Finally something familiar! I’ve actually never read this three-part novella before, but I’ve seen it around. If I’m not mistaken, it often gets sided with Of Mice and Men. Longer than the rest and following the young boy, Jody, this tale was still as depressing as the others, and I noted in the margins at one point: “No wonder they called it ‘The Great Depression!'” It certainly left its mark on people! This was the most Steinbeck-esque story of the lot (if I’m allowed to say that), focused on the battles of expectations.

One question I had (and perhaps reading more of his stories would tell me): what happened with the rapier and the old man? It’s like he came and left only to fill that chapter. Unless he’s a metaphor for something I missed, it seems like Steinbeck could have skipped that episode entirely.

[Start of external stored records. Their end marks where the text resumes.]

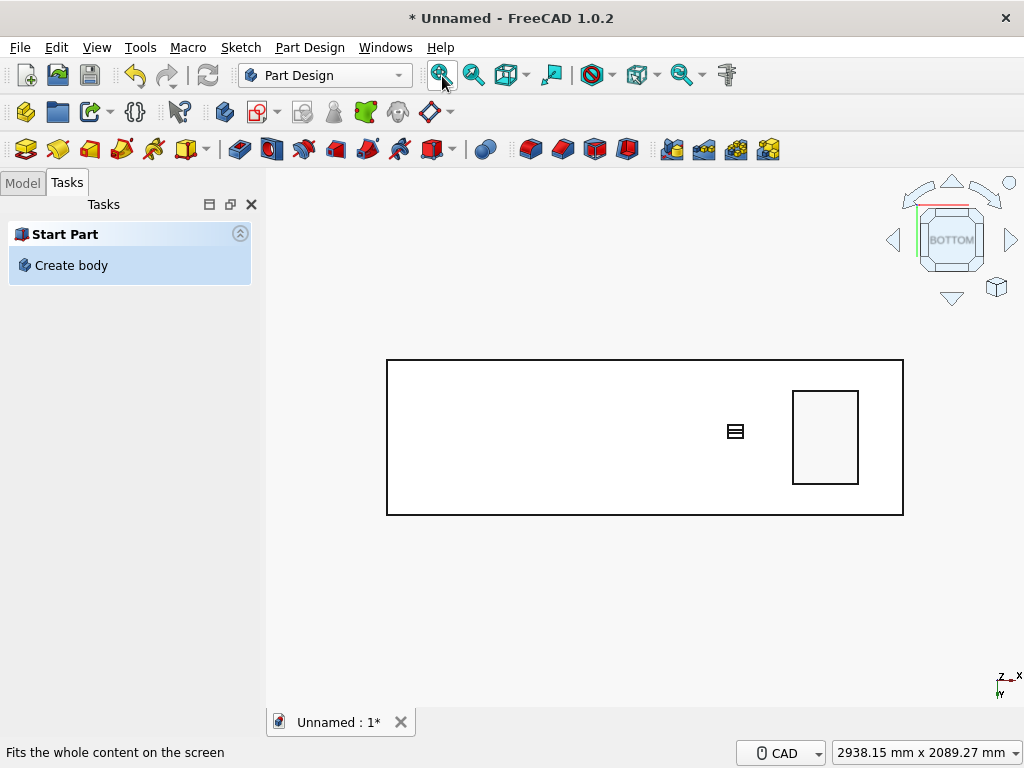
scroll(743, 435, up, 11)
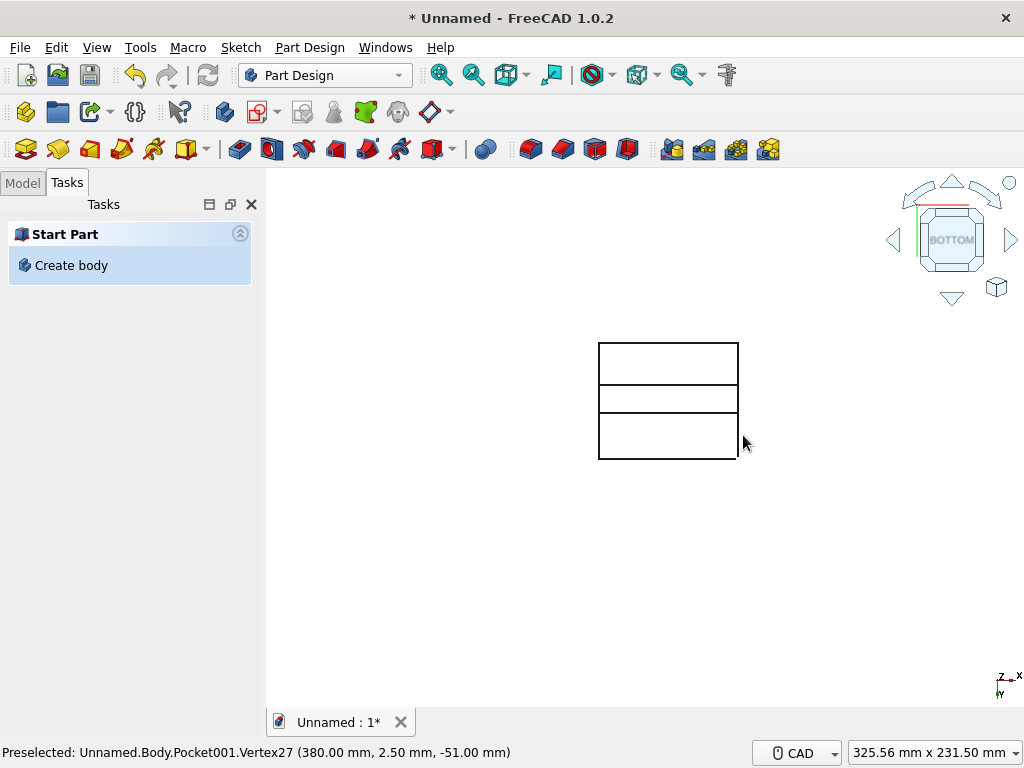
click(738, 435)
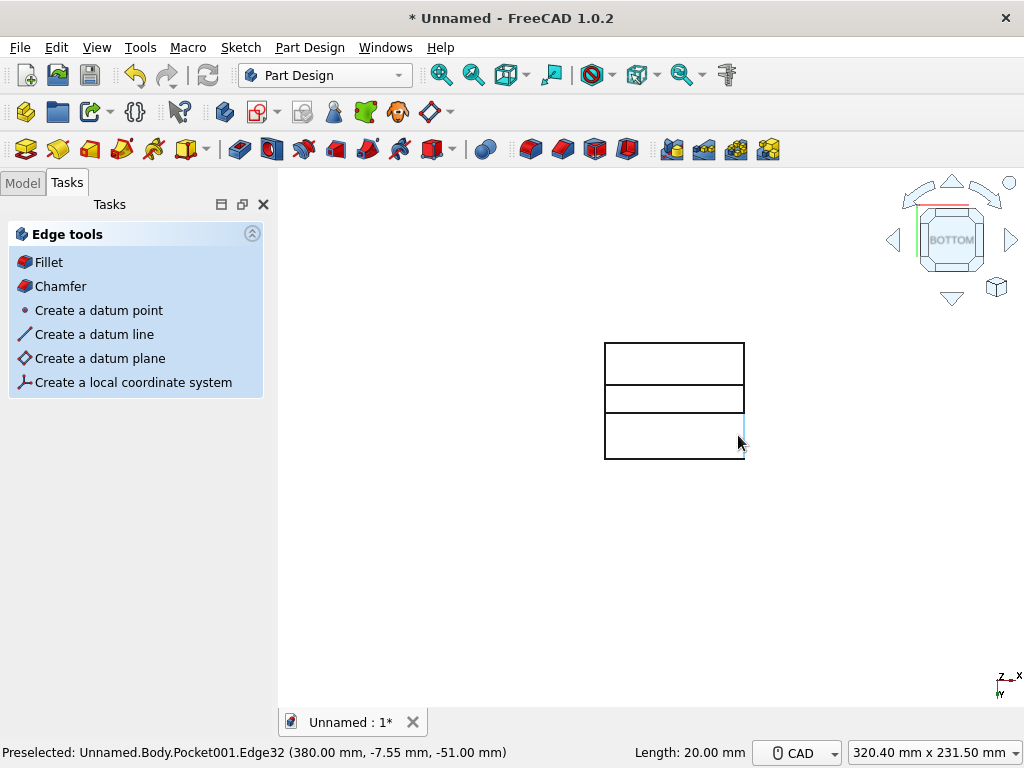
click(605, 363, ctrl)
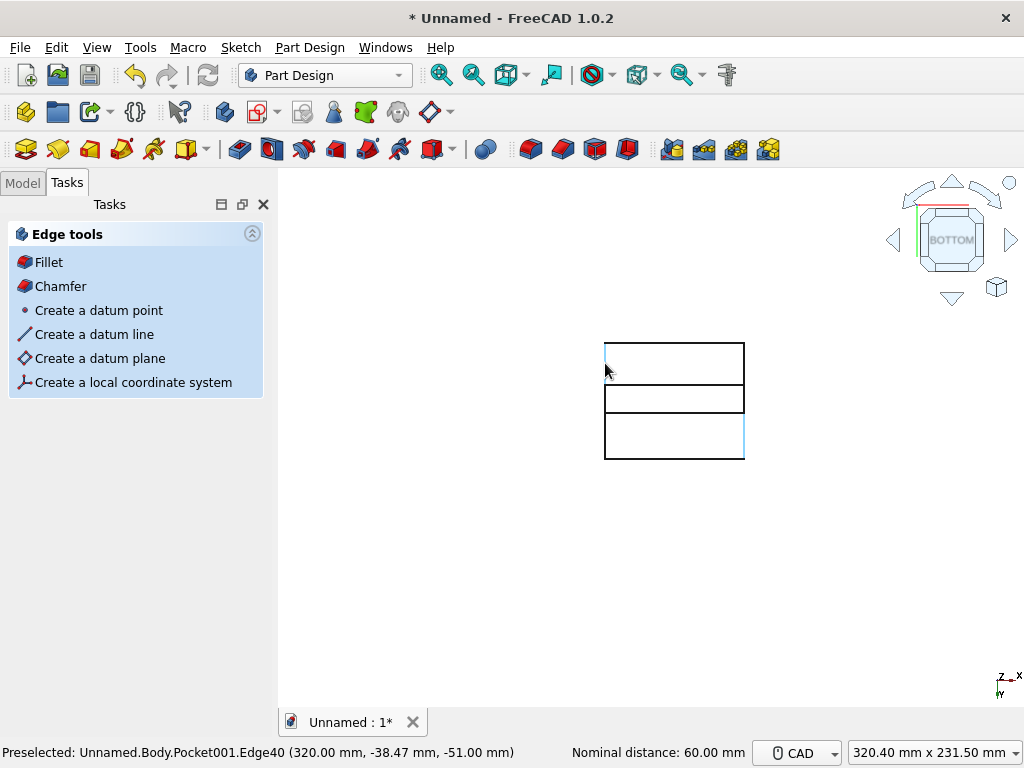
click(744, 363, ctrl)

13) “Leader of the People”

I was surprised to find that the final story in the lot took us back to Jody’s farm with Billy Buck the cowhand and the rest. This time, grandfather comes to visit. We’ve offended the women, the children, the spouses, and the races…so why not take a jab at the elderly too? This moderately depressing tale sends loud and clear the message that “there’s no hope for future explorations, so even your dreams are dead.” Thanks, John. Needed that.

It’s been so long since I’ve read anything by Steinbeck that I can’t really compare this to any of his other works. I can say with hesitant confidence, though, that this was even more of a downer than The Grapes of Wrath. Promising to depress or offend anyone, this collection of short stories bears all the marks of a truly great piece of literature. I jest, but only slightly.

©2021 E.T.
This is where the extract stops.